Abstract
The availability of accurate medication history information is invaluable for making sound therapeutic decisions. The Continuity of Care Document (CCD) could serve as a mechanism for exchanging interoperable medication information between EHRs. We evaluate the feasibility of representing a medication and its underlying components in a Healthcare Information Technology Standards Panel (HITSP) compliant CCD. Our evaluation resulted in successfully mapping 94% of medication entries and greater than 92% of medication component mappings to CCD constraints. We identify gaps and provide recommendations for improving the representational adequacy of the Federal Medication Terminology (FMT) to fully represent orderable medication concepts.
Introduction
Incomplete medication histories contribute to over a quarter of all hospital prescribing errors.1, 2Accurate and complete medication histories can prevent possible adverse drug events (ADEs)and improve patient safety.1
Medication history information is often distributed across disparate sources. The fragmented nature of the healthcare system necessitates distribution of medication history information among providers, retail pharmacies, pharmacy benefit managers (PBMs), and patients. Automated extraction of information, across entities could allow a more complete and accurate estimation of the patient’s medication history.

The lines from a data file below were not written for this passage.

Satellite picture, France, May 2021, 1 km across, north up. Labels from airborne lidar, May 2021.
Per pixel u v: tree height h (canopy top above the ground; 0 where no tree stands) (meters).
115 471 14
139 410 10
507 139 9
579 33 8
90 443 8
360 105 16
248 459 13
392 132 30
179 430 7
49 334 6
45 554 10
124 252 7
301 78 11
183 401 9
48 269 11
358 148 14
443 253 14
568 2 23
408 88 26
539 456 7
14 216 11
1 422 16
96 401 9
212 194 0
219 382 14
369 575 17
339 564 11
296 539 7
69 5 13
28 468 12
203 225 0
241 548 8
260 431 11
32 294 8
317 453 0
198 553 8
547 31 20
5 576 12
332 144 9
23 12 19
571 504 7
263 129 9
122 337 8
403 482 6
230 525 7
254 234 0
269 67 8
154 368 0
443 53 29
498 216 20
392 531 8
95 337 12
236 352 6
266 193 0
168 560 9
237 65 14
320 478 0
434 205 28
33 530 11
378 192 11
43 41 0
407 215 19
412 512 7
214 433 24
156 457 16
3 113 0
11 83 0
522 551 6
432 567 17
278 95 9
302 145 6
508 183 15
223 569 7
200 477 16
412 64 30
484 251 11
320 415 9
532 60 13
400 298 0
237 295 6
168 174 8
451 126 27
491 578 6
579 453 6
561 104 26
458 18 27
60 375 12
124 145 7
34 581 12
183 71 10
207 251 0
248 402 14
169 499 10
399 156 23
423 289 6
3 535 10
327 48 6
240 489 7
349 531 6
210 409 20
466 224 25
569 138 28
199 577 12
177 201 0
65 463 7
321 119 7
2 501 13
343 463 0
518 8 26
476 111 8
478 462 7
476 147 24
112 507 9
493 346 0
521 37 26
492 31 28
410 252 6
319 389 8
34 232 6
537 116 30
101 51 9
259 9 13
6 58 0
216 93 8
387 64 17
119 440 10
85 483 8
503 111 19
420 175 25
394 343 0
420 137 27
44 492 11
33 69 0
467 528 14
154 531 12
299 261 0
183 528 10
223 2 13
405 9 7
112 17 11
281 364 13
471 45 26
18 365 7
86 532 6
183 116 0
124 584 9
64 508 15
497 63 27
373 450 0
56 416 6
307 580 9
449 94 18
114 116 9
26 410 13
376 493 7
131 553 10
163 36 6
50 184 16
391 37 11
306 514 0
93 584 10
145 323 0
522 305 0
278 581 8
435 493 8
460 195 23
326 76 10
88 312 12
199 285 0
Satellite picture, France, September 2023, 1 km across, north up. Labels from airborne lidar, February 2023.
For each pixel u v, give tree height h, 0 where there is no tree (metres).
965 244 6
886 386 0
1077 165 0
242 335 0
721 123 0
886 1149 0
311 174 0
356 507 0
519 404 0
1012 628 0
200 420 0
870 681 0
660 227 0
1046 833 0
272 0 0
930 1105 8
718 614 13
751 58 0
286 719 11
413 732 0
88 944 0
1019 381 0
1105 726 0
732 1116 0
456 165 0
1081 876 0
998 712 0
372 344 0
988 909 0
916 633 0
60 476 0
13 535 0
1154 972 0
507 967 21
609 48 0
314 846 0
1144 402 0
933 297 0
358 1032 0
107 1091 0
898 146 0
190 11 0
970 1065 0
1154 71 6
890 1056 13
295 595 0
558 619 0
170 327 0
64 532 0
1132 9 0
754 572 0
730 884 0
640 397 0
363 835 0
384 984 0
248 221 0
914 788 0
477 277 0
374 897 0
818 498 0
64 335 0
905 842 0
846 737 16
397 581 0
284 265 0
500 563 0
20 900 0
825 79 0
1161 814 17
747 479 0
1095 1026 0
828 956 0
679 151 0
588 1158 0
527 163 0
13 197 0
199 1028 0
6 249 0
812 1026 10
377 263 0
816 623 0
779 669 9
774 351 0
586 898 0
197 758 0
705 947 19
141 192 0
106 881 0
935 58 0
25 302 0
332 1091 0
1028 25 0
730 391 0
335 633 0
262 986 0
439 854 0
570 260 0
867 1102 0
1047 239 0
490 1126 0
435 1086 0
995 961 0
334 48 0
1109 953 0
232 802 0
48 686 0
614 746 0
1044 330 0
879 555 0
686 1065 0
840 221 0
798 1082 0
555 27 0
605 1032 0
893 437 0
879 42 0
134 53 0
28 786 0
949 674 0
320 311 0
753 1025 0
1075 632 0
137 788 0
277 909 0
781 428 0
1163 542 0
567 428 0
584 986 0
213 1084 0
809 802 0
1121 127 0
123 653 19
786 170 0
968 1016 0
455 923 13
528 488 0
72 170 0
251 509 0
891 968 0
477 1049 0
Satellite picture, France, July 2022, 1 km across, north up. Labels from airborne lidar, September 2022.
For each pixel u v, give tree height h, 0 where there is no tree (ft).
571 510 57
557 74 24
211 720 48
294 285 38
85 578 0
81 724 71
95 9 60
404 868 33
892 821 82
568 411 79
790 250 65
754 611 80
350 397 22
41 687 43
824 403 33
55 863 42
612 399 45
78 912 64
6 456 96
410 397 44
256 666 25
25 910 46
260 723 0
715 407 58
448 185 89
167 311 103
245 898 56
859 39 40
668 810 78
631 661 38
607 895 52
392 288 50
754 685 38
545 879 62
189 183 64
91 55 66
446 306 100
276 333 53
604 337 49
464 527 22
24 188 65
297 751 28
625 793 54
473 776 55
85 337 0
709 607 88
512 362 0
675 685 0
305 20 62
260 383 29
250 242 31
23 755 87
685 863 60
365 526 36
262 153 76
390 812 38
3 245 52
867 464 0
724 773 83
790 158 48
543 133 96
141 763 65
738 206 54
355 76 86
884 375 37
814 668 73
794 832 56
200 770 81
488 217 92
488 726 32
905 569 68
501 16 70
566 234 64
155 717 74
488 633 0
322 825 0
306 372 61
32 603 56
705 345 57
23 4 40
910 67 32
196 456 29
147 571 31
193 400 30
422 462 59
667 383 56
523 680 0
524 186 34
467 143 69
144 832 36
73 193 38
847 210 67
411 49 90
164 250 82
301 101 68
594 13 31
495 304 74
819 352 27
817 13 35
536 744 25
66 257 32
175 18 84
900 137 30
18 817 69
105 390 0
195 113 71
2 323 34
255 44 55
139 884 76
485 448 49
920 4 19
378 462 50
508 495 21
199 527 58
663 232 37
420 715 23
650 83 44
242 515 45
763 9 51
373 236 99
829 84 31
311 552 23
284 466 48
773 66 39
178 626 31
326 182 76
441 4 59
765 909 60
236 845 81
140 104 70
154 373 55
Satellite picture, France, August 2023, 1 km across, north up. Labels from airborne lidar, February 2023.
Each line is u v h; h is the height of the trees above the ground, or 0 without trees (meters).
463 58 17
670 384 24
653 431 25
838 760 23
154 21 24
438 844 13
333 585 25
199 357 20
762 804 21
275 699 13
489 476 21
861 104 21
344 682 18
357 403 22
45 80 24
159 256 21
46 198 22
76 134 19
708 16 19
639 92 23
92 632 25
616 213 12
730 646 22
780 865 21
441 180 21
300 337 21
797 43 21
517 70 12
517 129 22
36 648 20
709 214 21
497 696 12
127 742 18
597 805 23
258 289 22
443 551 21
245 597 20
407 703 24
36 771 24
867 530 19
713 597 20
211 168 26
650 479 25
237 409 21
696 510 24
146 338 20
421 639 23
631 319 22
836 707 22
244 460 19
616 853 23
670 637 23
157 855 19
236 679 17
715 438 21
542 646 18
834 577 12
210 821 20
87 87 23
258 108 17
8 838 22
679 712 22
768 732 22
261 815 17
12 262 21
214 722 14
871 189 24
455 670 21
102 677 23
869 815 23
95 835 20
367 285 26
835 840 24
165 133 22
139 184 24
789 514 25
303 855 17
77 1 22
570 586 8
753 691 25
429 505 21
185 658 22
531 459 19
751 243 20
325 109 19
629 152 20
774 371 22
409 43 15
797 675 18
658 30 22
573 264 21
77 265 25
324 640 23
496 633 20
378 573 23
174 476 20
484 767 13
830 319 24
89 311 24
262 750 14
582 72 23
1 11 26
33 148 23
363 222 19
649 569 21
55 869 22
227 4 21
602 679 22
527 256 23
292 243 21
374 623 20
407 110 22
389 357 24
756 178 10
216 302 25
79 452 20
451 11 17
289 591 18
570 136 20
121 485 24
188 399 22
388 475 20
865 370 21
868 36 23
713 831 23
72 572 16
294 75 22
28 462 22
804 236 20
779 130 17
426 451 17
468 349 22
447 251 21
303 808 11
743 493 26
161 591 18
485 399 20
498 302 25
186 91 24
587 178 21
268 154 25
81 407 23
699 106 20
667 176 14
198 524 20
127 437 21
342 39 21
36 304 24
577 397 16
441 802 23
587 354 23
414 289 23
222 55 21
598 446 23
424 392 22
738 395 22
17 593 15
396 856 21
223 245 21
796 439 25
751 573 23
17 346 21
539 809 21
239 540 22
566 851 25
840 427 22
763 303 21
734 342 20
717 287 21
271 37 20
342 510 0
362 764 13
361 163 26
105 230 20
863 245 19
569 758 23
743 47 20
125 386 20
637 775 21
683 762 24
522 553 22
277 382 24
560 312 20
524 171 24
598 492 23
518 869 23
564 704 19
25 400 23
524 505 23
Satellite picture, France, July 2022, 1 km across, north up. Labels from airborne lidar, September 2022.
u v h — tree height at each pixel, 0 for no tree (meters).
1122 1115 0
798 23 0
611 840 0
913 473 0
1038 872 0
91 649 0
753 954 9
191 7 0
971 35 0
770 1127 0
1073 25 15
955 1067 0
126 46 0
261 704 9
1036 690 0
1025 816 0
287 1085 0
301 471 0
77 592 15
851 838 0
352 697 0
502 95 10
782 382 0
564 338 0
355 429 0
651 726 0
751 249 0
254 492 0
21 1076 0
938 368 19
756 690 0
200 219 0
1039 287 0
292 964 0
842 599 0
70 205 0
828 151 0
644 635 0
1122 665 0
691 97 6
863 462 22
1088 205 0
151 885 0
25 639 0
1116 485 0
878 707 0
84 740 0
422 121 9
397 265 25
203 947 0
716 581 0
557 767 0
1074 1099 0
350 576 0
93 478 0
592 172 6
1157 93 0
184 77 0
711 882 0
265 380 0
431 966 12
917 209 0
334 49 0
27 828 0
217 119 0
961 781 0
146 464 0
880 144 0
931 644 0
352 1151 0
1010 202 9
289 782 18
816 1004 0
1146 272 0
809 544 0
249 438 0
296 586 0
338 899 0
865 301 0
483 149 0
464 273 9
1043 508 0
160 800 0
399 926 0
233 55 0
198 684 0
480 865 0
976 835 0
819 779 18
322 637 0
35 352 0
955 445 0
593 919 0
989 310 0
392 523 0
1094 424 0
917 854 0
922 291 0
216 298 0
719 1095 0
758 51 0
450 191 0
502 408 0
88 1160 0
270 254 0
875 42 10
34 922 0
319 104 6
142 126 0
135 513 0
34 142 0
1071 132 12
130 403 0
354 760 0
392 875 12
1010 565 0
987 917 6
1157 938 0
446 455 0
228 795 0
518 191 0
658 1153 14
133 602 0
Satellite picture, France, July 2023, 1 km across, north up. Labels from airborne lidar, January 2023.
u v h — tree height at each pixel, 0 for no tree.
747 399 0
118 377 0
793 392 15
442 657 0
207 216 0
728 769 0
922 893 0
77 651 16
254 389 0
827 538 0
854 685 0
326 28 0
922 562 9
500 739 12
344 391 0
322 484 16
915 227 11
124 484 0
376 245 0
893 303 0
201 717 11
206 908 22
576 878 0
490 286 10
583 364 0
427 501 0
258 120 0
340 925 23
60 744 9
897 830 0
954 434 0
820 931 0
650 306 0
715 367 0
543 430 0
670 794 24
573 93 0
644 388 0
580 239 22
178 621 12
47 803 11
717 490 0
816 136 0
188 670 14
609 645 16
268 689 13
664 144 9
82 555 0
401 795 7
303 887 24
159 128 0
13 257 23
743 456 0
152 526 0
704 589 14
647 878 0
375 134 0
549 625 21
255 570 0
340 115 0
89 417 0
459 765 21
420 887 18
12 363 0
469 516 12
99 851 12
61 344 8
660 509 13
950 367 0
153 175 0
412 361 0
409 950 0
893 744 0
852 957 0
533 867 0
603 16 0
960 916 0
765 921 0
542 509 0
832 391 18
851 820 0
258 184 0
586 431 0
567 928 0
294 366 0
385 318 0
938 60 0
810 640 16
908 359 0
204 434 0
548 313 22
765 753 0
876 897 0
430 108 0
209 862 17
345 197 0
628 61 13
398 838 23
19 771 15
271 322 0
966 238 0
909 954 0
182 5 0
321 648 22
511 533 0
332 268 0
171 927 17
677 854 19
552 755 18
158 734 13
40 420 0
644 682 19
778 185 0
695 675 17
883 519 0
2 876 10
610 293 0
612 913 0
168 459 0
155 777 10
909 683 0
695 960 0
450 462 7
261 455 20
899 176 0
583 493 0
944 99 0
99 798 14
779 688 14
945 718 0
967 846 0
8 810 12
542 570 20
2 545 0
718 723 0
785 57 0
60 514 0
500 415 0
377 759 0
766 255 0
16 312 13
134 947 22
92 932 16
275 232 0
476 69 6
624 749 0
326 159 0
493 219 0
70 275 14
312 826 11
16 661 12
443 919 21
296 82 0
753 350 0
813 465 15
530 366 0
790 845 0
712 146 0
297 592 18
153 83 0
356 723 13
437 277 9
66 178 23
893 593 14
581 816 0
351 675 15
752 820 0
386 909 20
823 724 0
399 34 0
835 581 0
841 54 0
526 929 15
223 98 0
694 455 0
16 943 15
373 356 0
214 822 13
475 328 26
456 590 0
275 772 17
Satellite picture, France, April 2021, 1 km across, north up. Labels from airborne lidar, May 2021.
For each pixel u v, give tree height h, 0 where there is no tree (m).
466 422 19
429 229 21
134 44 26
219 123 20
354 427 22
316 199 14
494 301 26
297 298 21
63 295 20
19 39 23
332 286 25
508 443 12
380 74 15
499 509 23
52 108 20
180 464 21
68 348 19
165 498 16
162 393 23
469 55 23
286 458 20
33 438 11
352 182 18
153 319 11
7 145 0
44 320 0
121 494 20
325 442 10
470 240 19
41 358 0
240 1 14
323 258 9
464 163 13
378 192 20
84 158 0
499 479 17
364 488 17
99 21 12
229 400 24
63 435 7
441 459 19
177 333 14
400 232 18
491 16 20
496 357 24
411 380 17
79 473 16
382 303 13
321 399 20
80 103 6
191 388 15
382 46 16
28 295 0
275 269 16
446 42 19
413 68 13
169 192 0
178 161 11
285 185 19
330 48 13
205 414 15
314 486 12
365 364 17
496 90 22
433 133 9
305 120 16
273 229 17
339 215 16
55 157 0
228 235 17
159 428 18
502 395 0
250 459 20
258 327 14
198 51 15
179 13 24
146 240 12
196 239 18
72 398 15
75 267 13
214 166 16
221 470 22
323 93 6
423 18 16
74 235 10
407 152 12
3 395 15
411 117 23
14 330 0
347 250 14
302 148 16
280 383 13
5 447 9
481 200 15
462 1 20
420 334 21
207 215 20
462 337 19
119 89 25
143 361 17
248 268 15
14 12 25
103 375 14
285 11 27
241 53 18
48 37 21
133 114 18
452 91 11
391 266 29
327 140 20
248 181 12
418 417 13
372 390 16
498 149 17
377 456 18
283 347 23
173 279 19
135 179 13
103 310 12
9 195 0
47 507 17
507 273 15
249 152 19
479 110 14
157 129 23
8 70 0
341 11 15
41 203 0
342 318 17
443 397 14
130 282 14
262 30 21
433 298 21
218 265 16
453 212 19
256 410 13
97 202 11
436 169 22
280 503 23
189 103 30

The federal government has endorsed standards to allow interoperable exchange of medication history information. As part of the Medicare Modernization Act (MMA) of 2003, the Centers for Medicare and Medicaid Services (CMS) have mandated the use of the National Council for Prescription Drug Programs (NCPDP) SCRIPT Version 8.1 standard for Medicare Part D beneficiaries. This standard allows connectivity between providers, retail pharmacies and pharmacy benefit managers (PBMs). However, interoperability among EHRs remains a challenge and limits the ability to share information between healthcare settings. 3
The CCD offers a possible solution for interoperable medication history exchange between EHRs as well as PHRs. The Certification Commission for Health Information Technology (CCHIT) has endorsed the use of the Continuity of Care Document (CCD) as its standard for clinical document exchange. The 2008 CCHIT certification criteria require EHRs to demonstrate the ability to file and display, as well as generate Continuity of Care Documents (CCDs) formatted to the Healthcare Information Technology Standards (HITSP) C32 specifications.4, 5 Prior to the introduction of the CCD as certification criteria, very few EHRs in the United States have used the CCD in a HITSP compliant manner. While the CCHIT mandate will expedite adoption, the relative newness of the standard calls for actual field testing to examine utilization for specific use cases for health information exchange.
In this pilot study, we evaluate the ability of the CCD, for the specific purpose of exchanging medication history information. Additionally, we examine the comprehensiveness and representational adequacy of the underlying terminologies in the CCD for expressing a medication order, which includes both the medication concepts and the signatura or ‘sig’ components (route, frequency, dose, dose units). We provide recommendations for strengthening this emerging standard and possibly narrowing the gap towards seamless interoperability.
Background
This study was conducted as part of a larger effort at Partners Healthcare to bring together disparate sources of medication history for a patient, for the purpose of medication reconciliation. In 2006, Partners implemented an in-house medication reconciliation application called Pre-Admission Medical List (PAML), at two Academic Medical Centers, Brigham and Women’s Hospital (BWH) and Massachusetts General Hospital (MGH).6, 7. The PAML application allowed reconciliation of medications upon admission, by allowing the provider to extract medication history from our outpatient EHRs and discharge medications from our inpatient CPOE systems. To extend our medication reconciliation capabilities, across disparate EHRs and in the future to our PHR we needed an interoperable mechanism for, as a first step, exchanging medication information and in the future, problems, allergies, etc. to facilitate decision support.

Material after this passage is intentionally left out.